A few hours before shooting was to begin, I transcribed the script onto large cue cards. I also edited out a couple of tongue-twisting words (at least they were for me) so as to make my in-front-of-the-camera delivery as smooth as possible. Because we were shooting in front of a greenscreen (a giant cascading roll of green butcher paper suspended vertically), I wore gray slacks and a blue blazer. If I had worn my green car-salesman jacket, my torso would have disappeared and you'd have seen my bulbous talking head floating above a disembodied pair of legs. Entertaining perhaps, but kind of a train wreck, too. The most-difficult thing for me was getting a clean, sequential read of the cue cards. There were numerous retakes as I verbally stumbled and bumbled. We even edited out some polysyllabic words on the spot. KISS (keep it simple stupid).
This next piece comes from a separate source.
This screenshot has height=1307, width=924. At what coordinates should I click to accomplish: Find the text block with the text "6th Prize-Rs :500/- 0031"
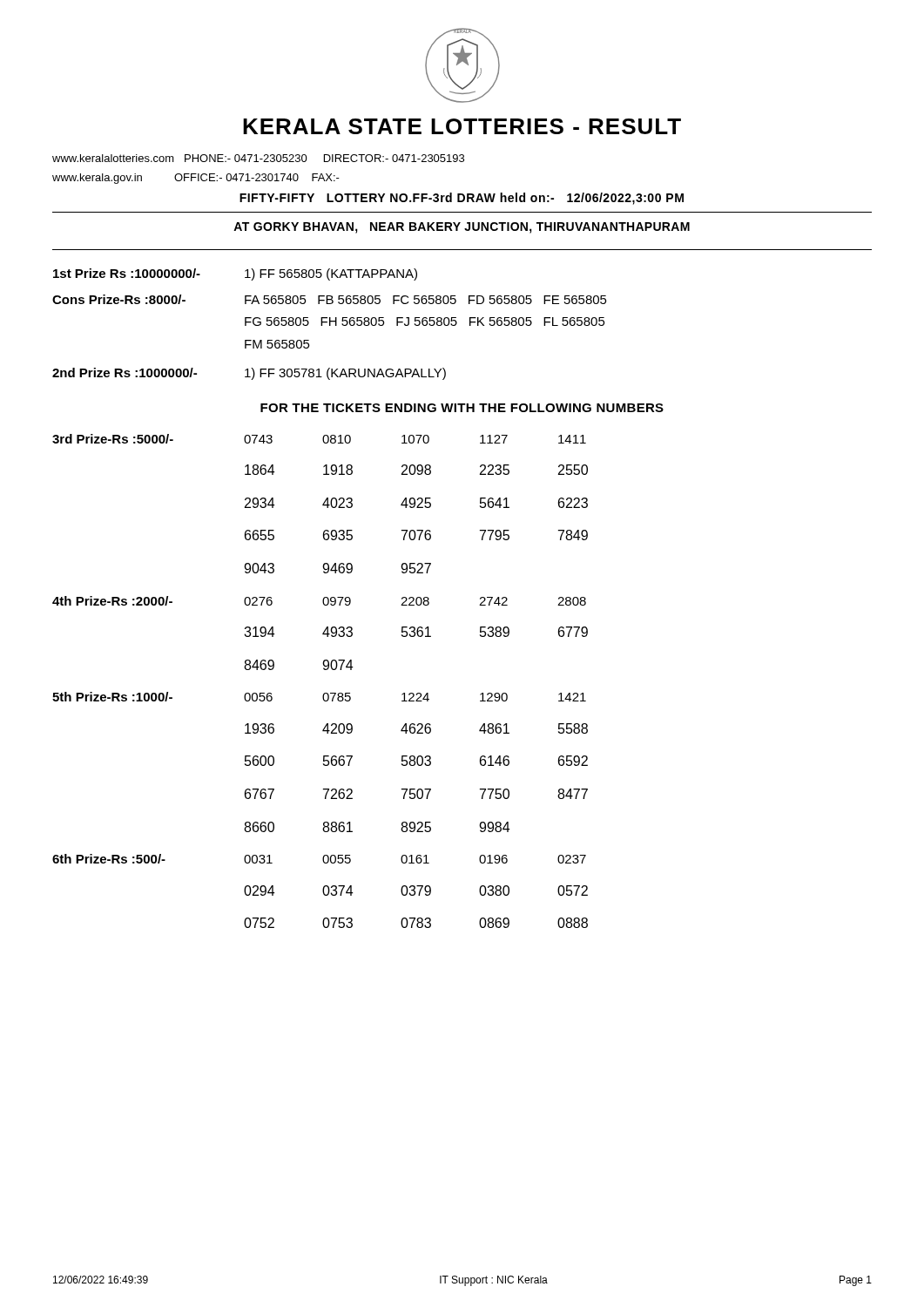coord(319,859)

Of course, before you can ever release a film, you have to deal with the ratings board. And "AFI: The Movie" was no exception. After the "ratings board" determined that our film had an excess of gratuitous chicken violence, a second chicken scene ended up on the cutting room floor. Once the film was re-edited it was released to general Fish Channel audiences. And you are seeing its world debut here on Fish Channel for the very first time.
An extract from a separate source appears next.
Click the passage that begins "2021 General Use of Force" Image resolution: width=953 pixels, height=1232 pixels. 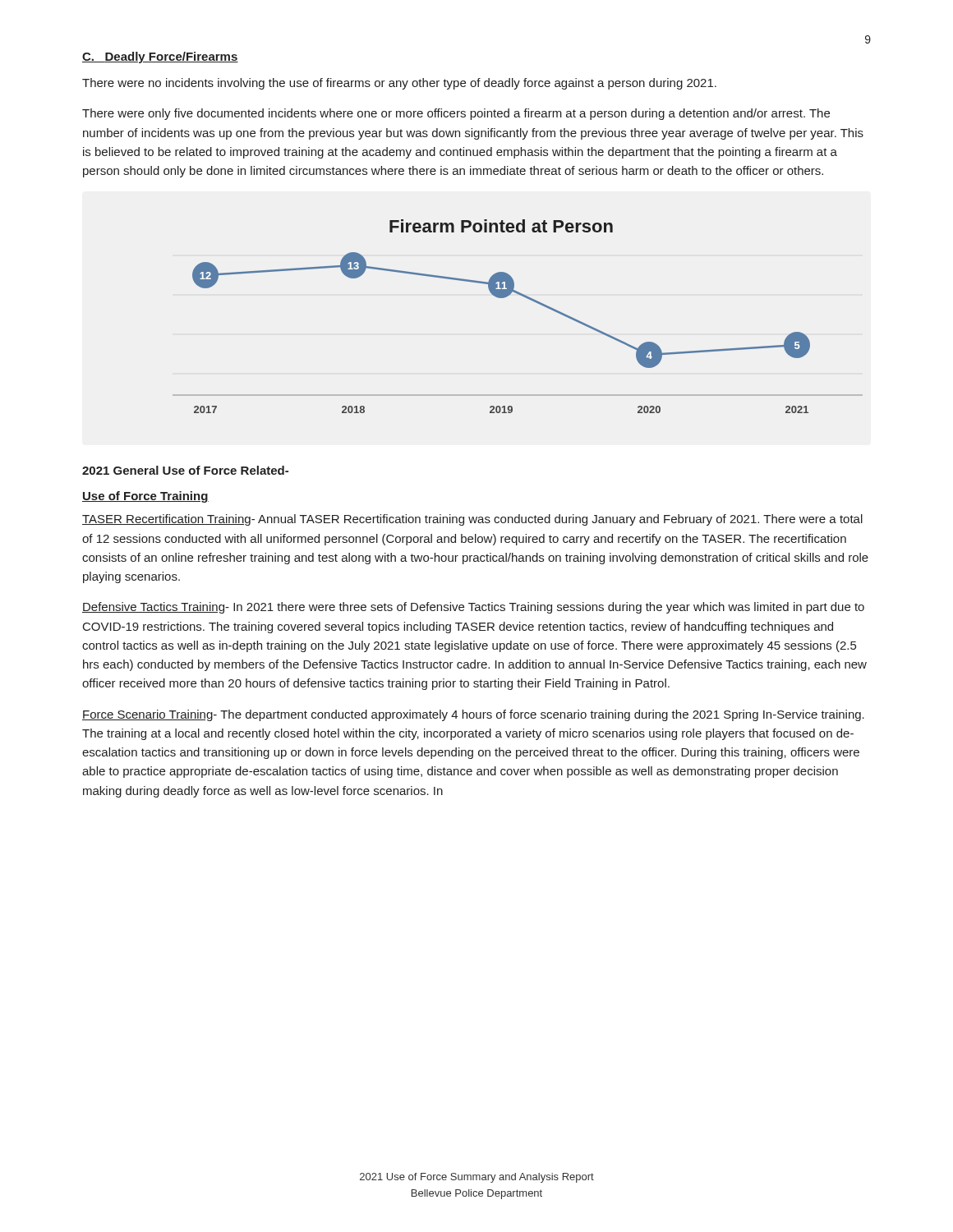click(186, 470)

Besides myself and my costar, there were six other film crew members in the studio watching and helping "AFI: The Movie" come to life. Should any awards be forthcoming, I would like to thank Auteur Greg Charkoudian for his masterful film direction, and where would we be (straight to DVD that's where), if not for the deft handling of the set by the film's Production Coordinator Gina Cioli (her day job is BowTie Studio Manager). Others I'd like to thank include Gaffer Frank Esteinou (also a Digital Prepress Specialist), whose lighting prowess helped get the best results; there was Serial Lurker Shawn Fung (Digital Prepress Specialist), who offered some timely advice; there was Assistant Director Ben Weiner (former AFI Associate Web Editor), who ably turned cue cards and kept things flowing; and, some might say, most importantly, there were the invaluable contributions of Chief Chicken Wrangler Paul Rosales (also a Digital Prepress Specialist); there were also the special-effects magic added by an unnamed freelance video editor. Thank you all. I hope everyone on Fish Channel enjoys "AFI: The Movie."